Our top risks for financial services firms in 2024 - complete analysis

We have identified and ranked the key risks for financial services business leaders in 2024 based on market research, regulatory insights as well as our assessment of the current difficulties facing firms. We also highlight the changes in risk rankings compared to last year, justified by global events and new regulations that have surfaced in the past year.

Key takeaways

As the adverse effects of the pandemic slowly fade, 2023 has seen further geopolitical tensions, large advances in generative artificial intelligence (AI) technology and devastating climate-related events around the globe.  Alongside cybersecurity and operational resilience, these risks comprise the top five that firms should focus on in 2024.

Our top risk of 2024 concerns information and cybersecurity. Firms may struggle to manage the evolving cyber security threats faced in today’s digital economy but also consider the ongoing geopolitical challenges. Therefore, cyber risks should remain a key focus for this year. Additionally, as firms continue to digitise their operations and services, AI has become a greater concern for business leaders, which is why AI also sits within our top five risks.

Russia’s invasion of Ukraine continues to put upward pressure on energy prices, and the Israel-Palestine conflict has the potential to destabilise the Middle East, causing further increases in commodity prices and challenges for supply chains. On top of this, national elections are scheduled in 64 countries (including the US, India, the EU, and Russia) in 2024 which represents half the world’s population. All of which heightens geopolitical uncertainties.

Climate and sustainability continue to be a key priority this year, for which we can also observe an acceleration in focus by the regulators and supervisors. Financial services firms need to understand how the effects of climate change and biodiversity loss can impact their loan portfolios (i.e., potential losses and cost of risk), lending strategies and how transition risk may leave them exposed in the coming years.

Operational resilience is a pressing issue for 2024. With the upcoming regulatory deadline fast approaching (March of 2025), firms must ensure they have prepared their risk frameworks accordingly and have the correct measures to mitigate this risk. 

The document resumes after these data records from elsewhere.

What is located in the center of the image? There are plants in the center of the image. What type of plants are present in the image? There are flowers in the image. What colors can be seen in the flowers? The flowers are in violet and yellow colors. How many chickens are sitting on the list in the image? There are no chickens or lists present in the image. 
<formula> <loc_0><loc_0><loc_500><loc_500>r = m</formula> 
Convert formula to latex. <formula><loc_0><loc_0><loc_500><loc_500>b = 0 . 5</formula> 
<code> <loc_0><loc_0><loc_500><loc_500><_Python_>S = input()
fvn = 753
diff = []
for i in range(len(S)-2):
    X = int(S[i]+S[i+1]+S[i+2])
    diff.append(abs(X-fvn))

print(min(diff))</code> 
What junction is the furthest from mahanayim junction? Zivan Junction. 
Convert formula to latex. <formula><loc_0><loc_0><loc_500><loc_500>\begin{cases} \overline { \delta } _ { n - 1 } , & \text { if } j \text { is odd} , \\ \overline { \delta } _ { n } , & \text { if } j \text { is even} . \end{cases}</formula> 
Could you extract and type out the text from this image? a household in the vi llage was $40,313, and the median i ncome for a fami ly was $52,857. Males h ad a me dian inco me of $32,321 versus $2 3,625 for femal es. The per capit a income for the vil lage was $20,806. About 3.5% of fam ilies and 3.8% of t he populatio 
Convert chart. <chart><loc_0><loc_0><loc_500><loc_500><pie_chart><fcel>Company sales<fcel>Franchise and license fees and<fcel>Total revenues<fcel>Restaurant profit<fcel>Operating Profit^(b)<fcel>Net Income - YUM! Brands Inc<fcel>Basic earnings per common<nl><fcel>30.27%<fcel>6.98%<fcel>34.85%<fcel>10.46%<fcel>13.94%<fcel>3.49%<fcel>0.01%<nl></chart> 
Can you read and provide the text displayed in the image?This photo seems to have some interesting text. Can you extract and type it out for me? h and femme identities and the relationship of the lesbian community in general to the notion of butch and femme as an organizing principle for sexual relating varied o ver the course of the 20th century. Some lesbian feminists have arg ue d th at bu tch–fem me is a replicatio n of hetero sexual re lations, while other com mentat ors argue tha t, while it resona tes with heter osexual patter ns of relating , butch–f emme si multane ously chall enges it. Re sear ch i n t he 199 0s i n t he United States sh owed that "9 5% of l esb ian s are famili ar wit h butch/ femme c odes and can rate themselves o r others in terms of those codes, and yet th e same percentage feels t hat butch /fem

The issues firms face today are highly complex and interconnected, with some of the risks mentioned above having the potential to occur simultaneously and aggravate each other. For example, the Single Resolution Board (SRB) states that discussions have taken place at a strategic level around “Russia’s invasion of Ukraine, which has led to high uncertainty and a perceptible increase in financial stability risk in the EU, also in connection with cyber incidents”[1], outlining the interconnectivity of these pressing issues.

It is therefore essential for firms to have effective risk management practices in place to keep abreast of new risks and manage new, emerging, and existing risks during both normal and stressful circumstances.

Top risks 2023 vs 2024 [2]

Risks2024 ranking2023 rankingChange
Top 5 risks   
Information and cybersecurity risk15
Geopolitical risk22
Climate and sustainability risk34
Artificial intelligence and machine learning risk4
Operational resilience56
Other important risks  
Regulatory and supervisory risk3 
Macroeconomic environment risk 
Model risk8 
Outsourcing and third-party risk7 
Governance and risk culture 

1.    Information and cybersecurity risk

This concerns protecting the confidentiality, integrity and availability of information and relates to the risk of loss resulting from cyber-attacks or data breaches on the organisation.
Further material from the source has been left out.